--- Problem statement ---
Every line of the entries below that includes "scheduled" belongs in the answer, copied as written.
== Records shown ==
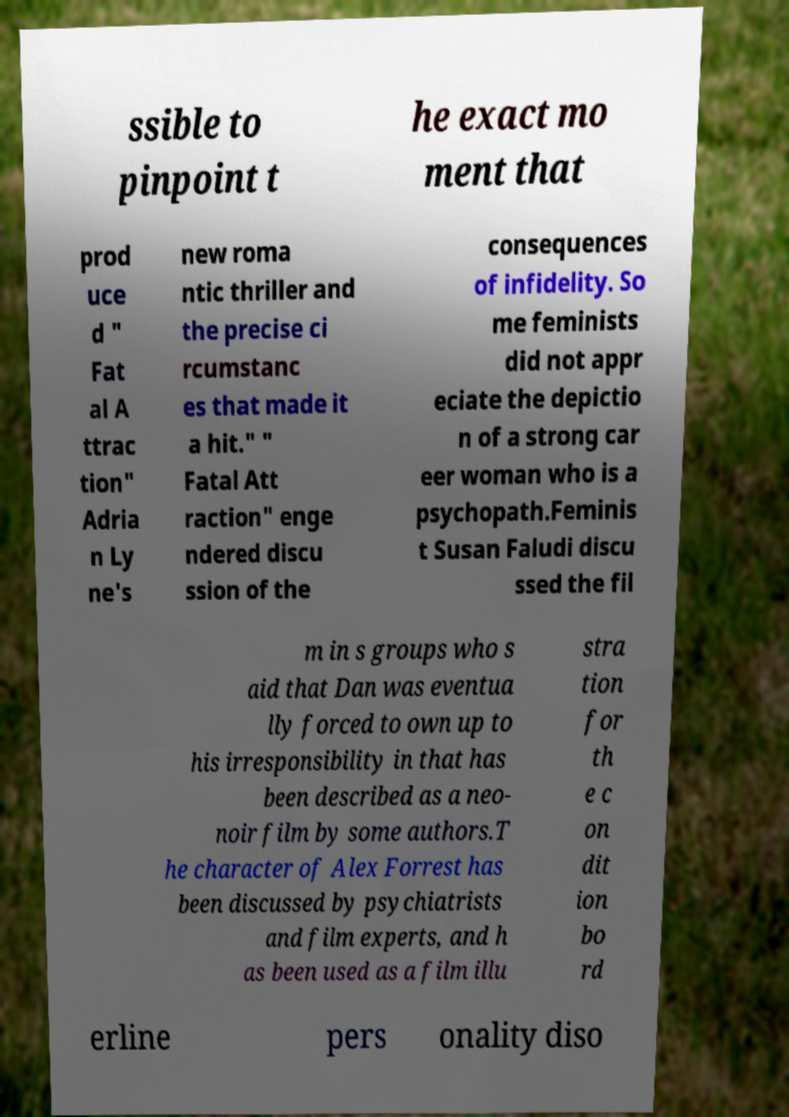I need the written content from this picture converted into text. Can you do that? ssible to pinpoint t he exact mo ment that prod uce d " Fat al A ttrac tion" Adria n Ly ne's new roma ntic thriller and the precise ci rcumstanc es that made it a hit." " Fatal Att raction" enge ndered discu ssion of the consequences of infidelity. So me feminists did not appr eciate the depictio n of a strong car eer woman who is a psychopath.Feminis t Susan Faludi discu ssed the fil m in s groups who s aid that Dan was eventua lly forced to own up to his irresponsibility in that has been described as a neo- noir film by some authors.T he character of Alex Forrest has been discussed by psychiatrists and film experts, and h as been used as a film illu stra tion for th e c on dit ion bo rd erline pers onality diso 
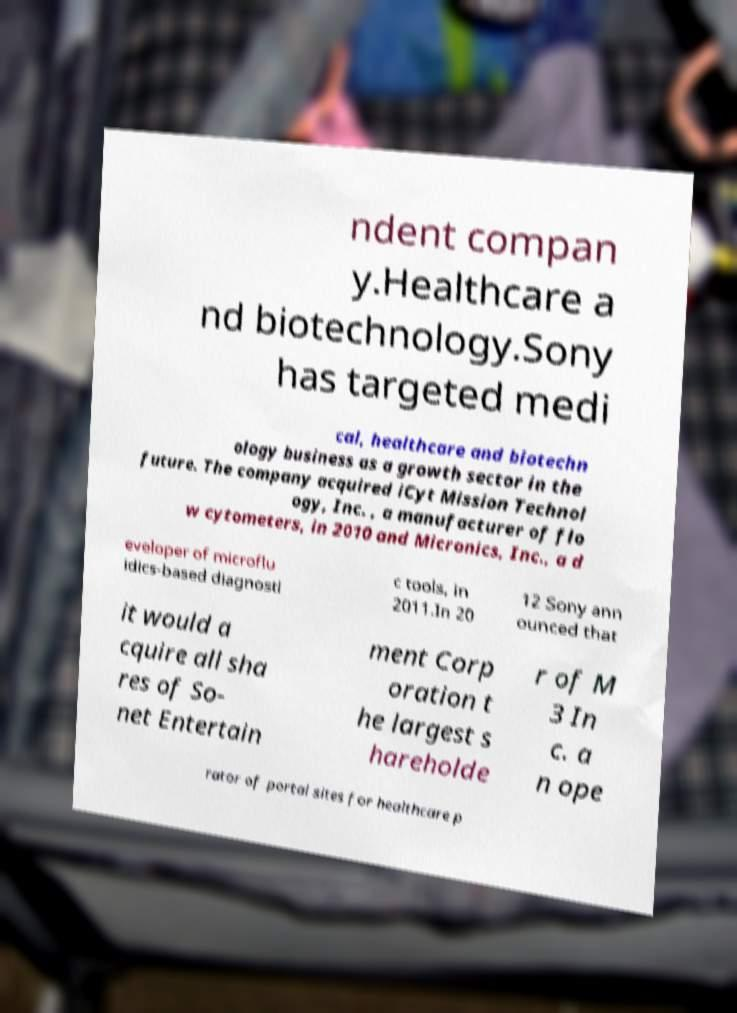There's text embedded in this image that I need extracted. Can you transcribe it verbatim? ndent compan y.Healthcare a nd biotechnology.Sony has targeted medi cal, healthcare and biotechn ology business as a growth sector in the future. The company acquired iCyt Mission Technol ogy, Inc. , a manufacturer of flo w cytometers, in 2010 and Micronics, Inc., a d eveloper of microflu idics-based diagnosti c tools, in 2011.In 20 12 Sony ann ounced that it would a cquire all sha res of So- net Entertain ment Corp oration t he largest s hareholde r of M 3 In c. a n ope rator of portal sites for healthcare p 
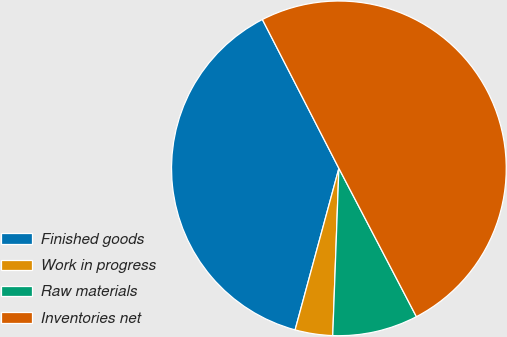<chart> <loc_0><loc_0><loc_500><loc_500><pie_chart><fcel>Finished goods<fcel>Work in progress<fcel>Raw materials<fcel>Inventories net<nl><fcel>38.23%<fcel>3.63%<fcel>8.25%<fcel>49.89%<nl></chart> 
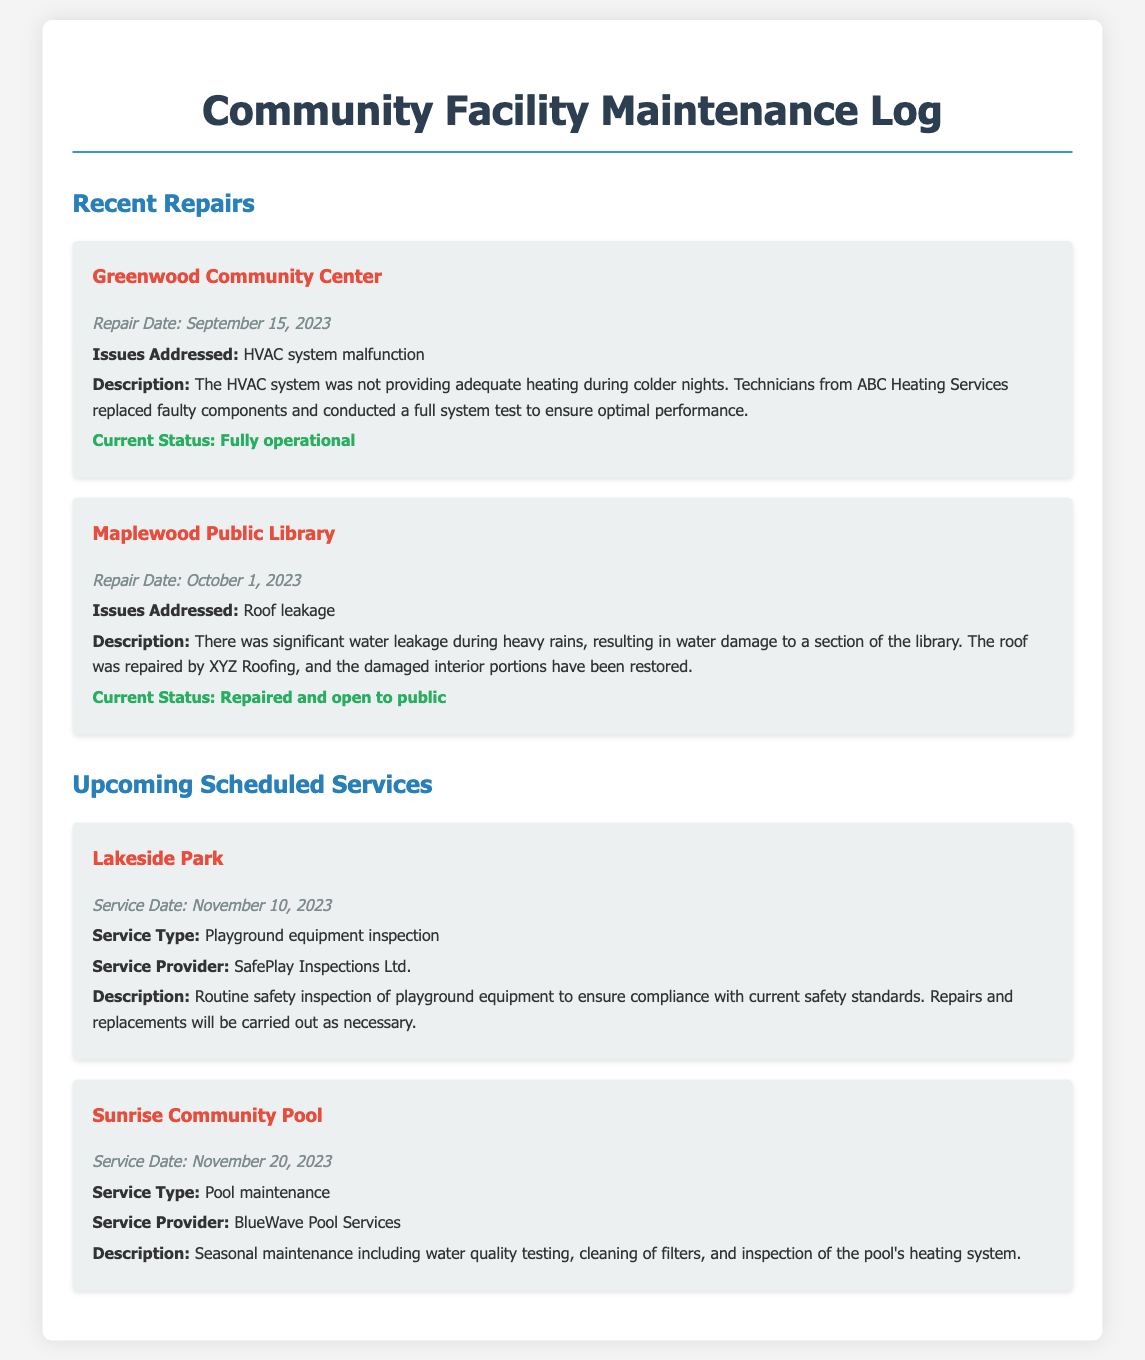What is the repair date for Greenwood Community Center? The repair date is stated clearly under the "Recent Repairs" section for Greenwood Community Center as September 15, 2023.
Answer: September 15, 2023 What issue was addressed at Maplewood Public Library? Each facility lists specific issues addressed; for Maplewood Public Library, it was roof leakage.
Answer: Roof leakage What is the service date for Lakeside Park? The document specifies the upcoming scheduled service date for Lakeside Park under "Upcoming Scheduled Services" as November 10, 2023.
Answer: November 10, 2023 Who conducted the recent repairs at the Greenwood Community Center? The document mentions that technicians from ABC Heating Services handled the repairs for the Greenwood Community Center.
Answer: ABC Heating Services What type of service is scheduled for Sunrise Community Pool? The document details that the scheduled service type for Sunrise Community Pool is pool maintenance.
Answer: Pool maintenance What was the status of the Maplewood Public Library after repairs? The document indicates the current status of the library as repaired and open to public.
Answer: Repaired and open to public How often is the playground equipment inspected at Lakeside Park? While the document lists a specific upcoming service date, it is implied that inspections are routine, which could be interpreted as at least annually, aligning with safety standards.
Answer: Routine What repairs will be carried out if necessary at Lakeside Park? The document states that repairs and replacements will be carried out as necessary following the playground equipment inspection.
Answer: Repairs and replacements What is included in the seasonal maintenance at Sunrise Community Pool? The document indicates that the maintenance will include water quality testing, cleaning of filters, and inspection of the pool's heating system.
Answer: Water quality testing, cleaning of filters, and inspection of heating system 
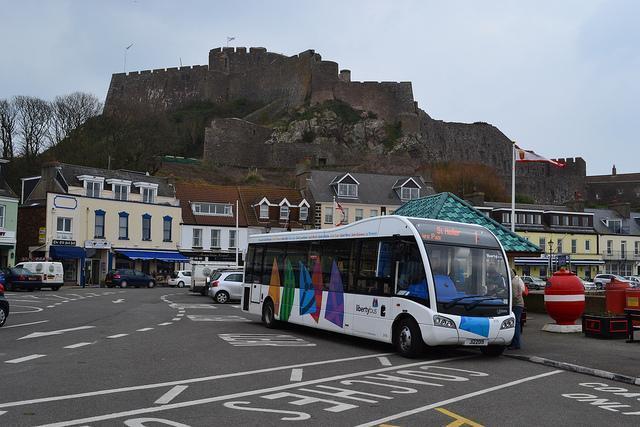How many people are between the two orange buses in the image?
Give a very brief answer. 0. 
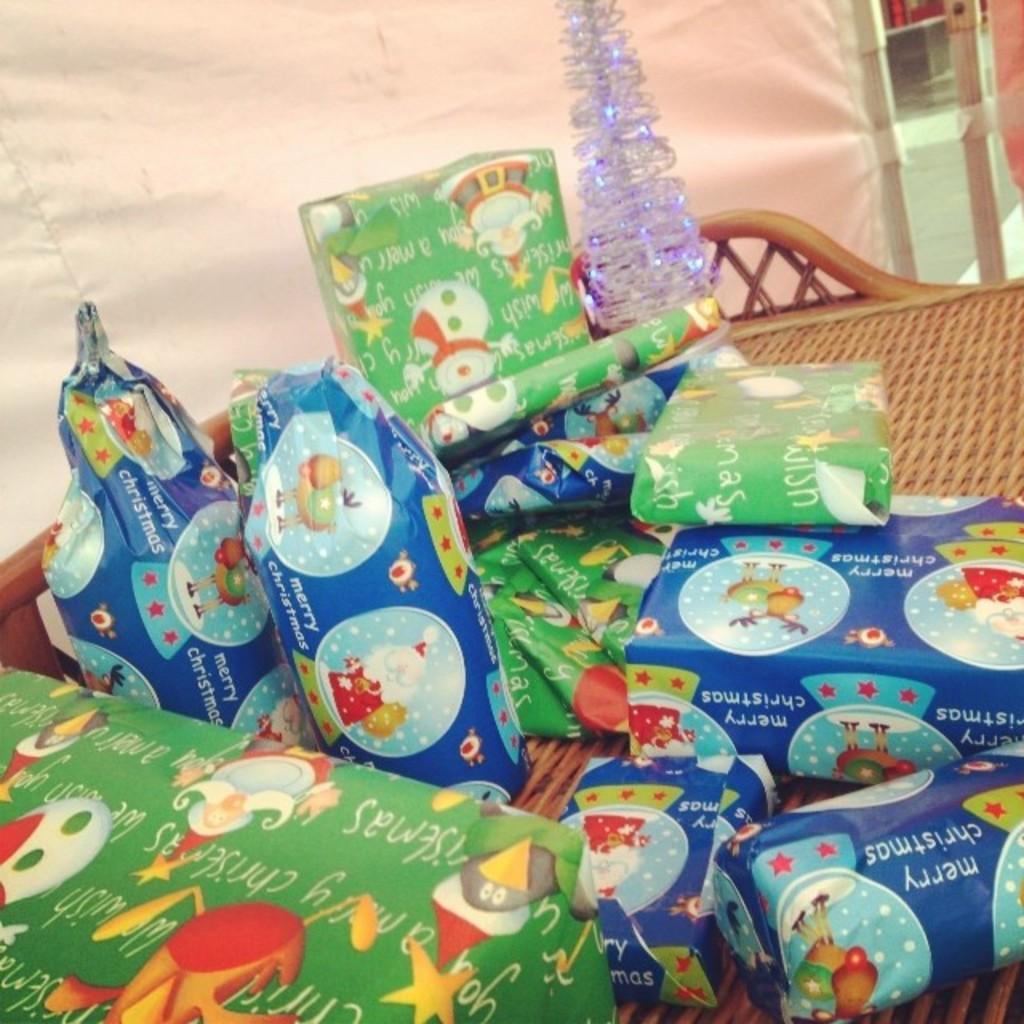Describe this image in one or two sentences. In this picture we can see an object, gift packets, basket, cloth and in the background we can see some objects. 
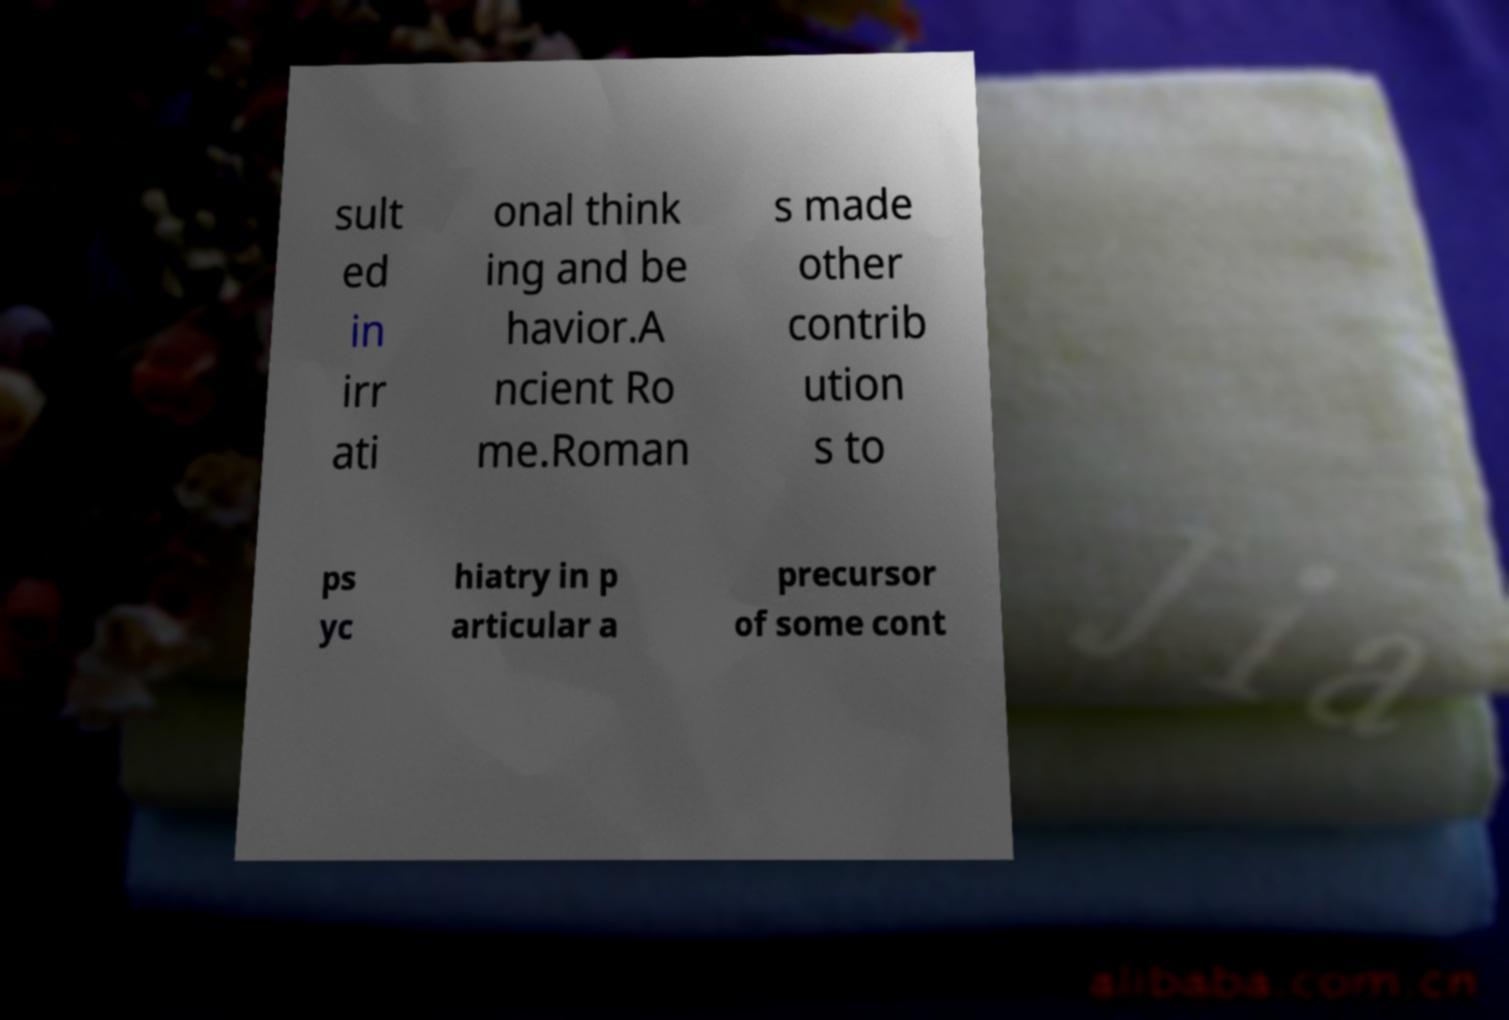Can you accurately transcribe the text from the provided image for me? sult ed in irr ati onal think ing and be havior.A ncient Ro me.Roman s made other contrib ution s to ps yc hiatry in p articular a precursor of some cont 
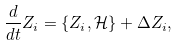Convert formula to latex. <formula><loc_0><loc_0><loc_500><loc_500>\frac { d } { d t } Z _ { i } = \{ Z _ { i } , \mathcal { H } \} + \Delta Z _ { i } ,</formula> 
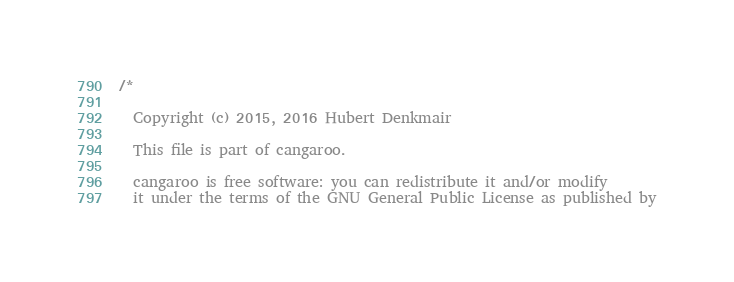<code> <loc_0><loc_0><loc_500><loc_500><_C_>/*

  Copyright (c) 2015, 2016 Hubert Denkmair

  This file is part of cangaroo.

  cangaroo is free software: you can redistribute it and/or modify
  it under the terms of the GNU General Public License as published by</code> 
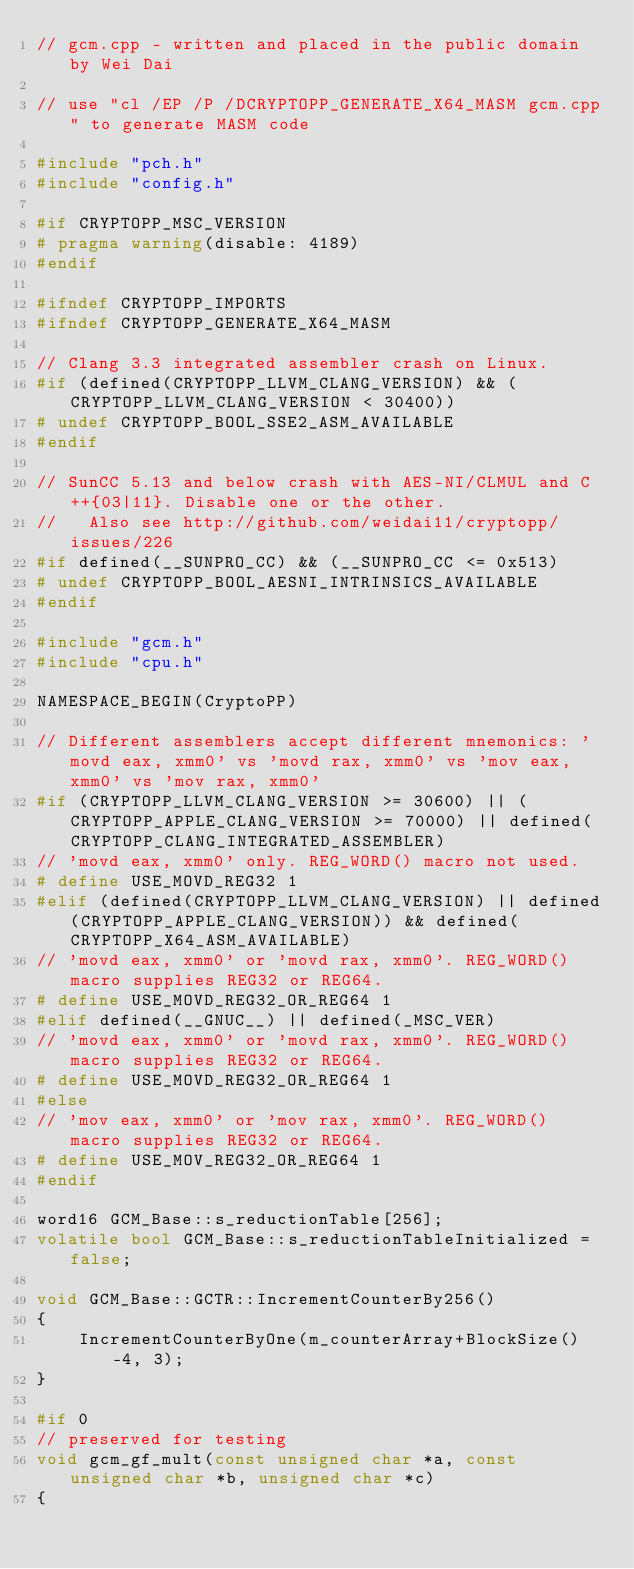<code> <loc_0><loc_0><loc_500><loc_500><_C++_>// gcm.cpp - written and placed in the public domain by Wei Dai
===
--- Task solution ---
Answer: Roof leakage What is the service date for Lakeside Park? The document specifies the upcoming scheduled service date for Lakeside Park under "Upcoming Scheduled Services" as November 10, 2023.
Answer: ABC Heating Services What type of service is scheduled for Sunrise Community Pool? The document details that the scheduled service type for Sunrise Community Pool is pool maintenance.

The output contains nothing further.